- Dataset records:
******
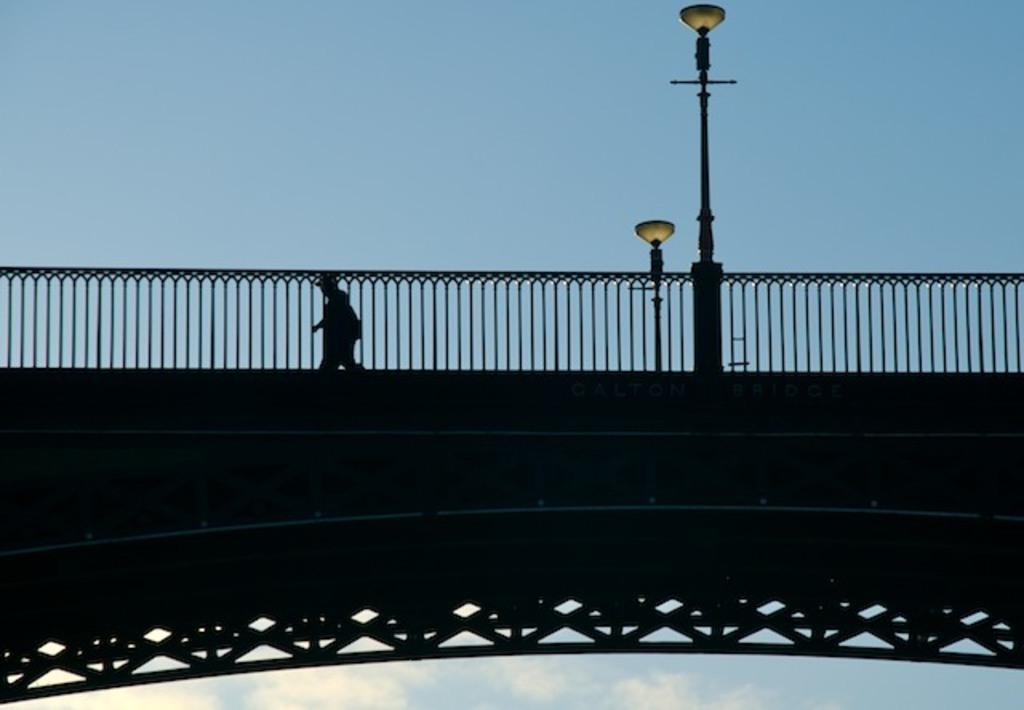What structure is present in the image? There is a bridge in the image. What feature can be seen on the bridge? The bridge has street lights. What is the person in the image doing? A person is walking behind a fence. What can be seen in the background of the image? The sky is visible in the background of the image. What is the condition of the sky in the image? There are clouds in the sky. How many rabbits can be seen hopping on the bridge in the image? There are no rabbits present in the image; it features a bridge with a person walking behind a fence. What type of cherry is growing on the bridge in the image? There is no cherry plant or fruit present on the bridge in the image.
******
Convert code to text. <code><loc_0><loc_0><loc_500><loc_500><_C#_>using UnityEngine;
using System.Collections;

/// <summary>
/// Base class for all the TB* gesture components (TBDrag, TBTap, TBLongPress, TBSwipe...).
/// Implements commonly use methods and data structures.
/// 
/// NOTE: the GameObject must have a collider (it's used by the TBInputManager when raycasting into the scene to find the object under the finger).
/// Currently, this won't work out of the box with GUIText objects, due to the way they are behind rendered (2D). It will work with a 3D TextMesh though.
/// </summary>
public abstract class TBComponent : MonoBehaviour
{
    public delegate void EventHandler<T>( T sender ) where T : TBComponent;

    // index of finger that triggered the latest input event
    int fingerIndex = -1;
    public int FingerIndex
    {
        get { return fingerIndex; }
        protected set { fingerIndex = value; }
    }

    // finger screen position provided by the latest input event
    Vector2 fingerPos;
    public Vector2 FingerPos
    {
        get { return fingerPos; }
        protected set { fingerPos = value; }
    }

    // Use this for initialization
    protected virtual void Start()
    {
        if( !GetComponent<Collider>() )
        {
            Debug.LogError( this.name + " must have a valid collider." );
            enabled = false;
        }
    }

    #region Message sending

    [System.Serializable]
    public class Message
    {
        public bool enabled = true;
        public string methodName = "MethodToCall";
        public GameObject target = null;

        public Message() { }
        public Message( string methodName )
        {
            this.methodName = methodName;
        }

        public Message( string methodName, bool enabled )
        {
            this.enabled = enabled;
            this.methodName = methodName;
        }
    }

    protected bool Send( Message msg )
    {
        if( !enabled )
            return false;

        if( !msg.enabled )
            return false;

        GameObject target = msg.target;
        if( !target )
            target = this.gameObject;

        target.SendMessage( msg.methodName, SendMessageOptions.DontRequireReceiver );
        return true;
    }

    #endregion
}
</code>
******
- Problem description:
From the data above, copy each line where the string "return" appears.

- Solution:
        get { return fingerIndex; }
        get { return fingerPos; }
            return false;
            return false;
        return true;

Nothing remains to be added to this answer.